• Supplied material
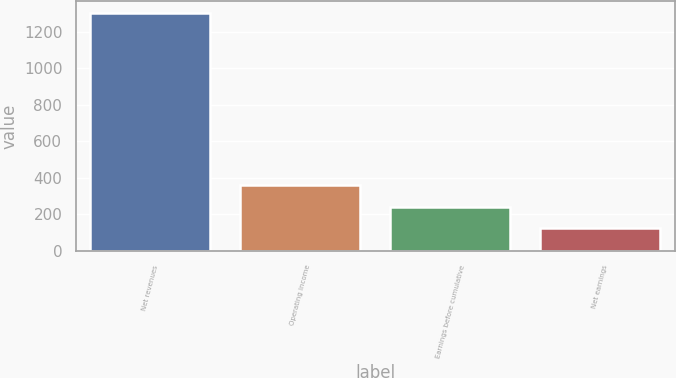Convert chart. <chart><loc_0><loc_0><loc_500><loc_500><bar_chart><fcel>Net revenues<fcel>Operating income<fcel>Earnings before cumulative<fcel>Net earnings<nl><fcel>1303.5<fcel>359.9<fcel>241.95<fcel>124<nl></chart> 
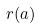<formula> <loc_0><loc_0><loc_500><loc_500>r ( a )</formula> 
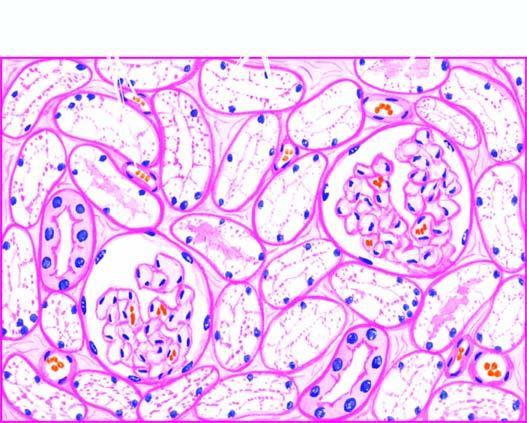what are distended with cytoplasmic vacuoles while the interstitial vasculature is compressed?
Answer the question using a single word or phrase. Tubular epithelial cells is compressed 
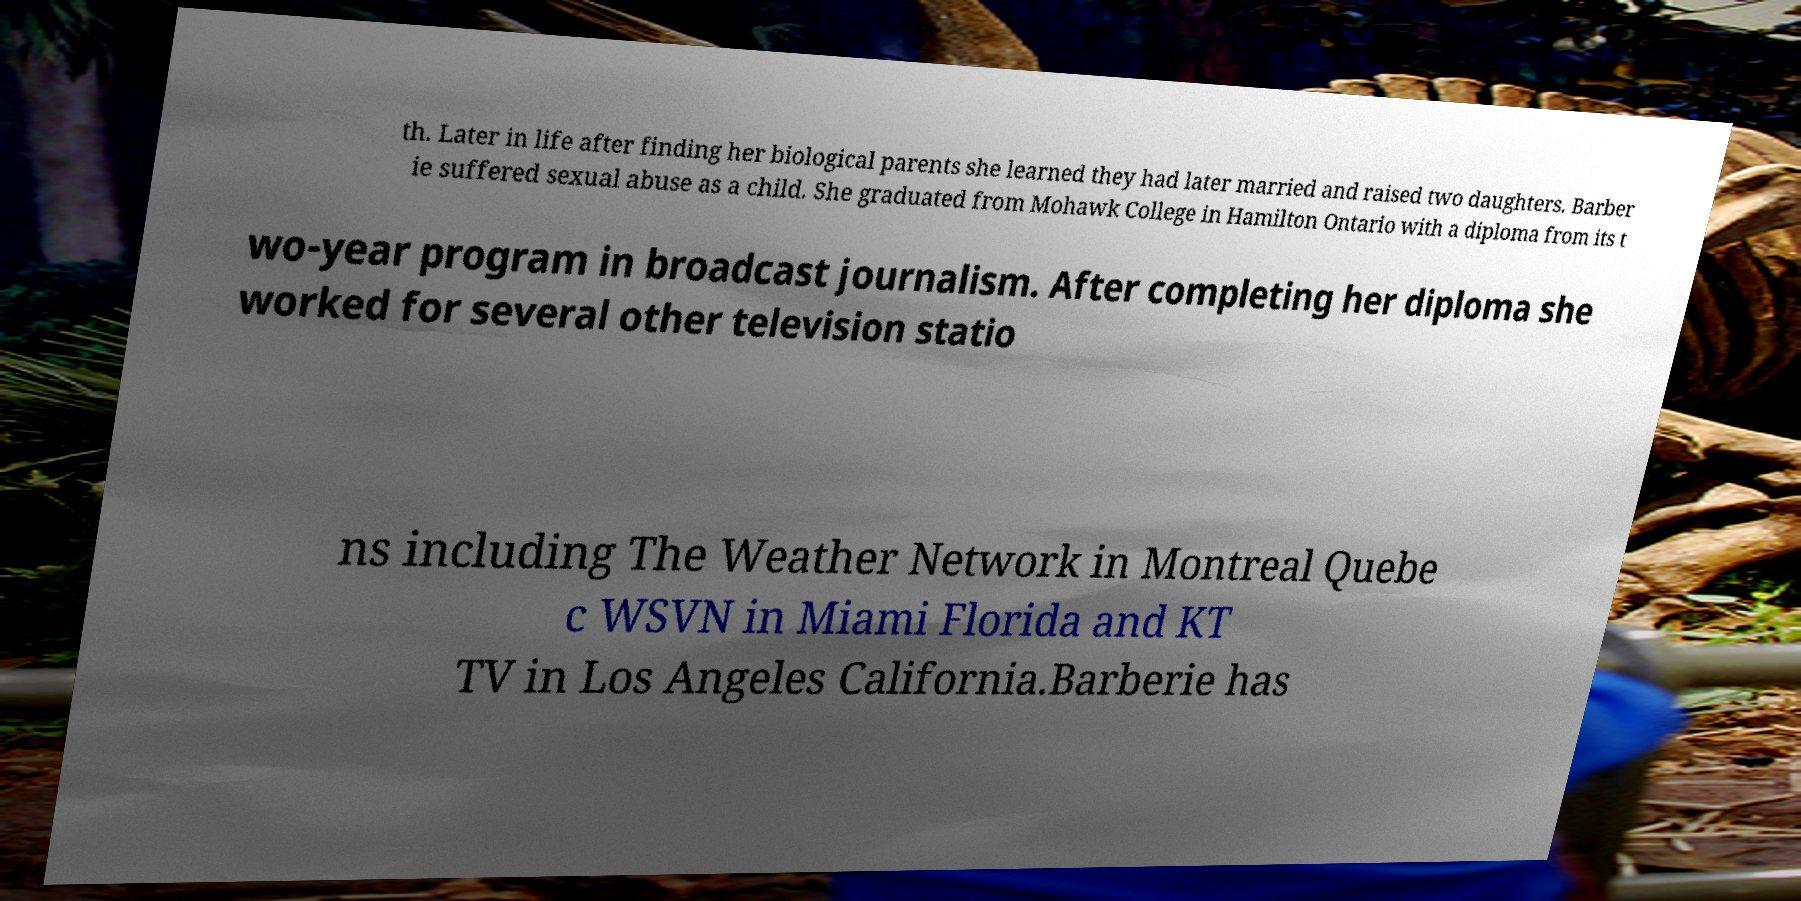Could you assist in decoding the text presented in this image and type it out clearly? th. Later in life after finding her biological parents she learned they had later married and raised two daughters. Barber ie suffered sexual abuse as a child. She graduated from Mohawk College in Hamilton Ontario with a diploma from its t wo-year program in broadcast journalism. After completing her diploma she worked for several other television statio ns including The Weather Network in Montreal Quebe c WSVN in Miami Florida and KT TV in Los Angeles California.Barberie has

• Task item
In the records above, find the line containing "<formula> <loc_0><loc_0><loc_500><loc_500>r ( a", then write out exactly that line and every later one through the last, omitting pictures.

• Output of the exercise
<formula> <loc_0><loc_0><loc_500><loc_500>r ( a )</formula> 
what are distended with cytoplasmic vacuoles while the interstitial vasculature is compressed?
Answer the question using a single word or phrase. Tubular epithelial cells is compressed 
Could you assist in decoding the text presented in this image and type it out clearly? th. Later in life after finding her biological parents she learned they had later married and raised two daughters. Barber ie suffered sexual abuse as a child. She graduated from Mohawk College in Hamilton Ontario with a diploma from its t wo-year program in broadcast journalism. After completing her diploma she worked for several other television statio ns including The Weather Network in Montreal Quebe c WSVN in Miami Florida and KT TV in Los Angeles California.Barberie has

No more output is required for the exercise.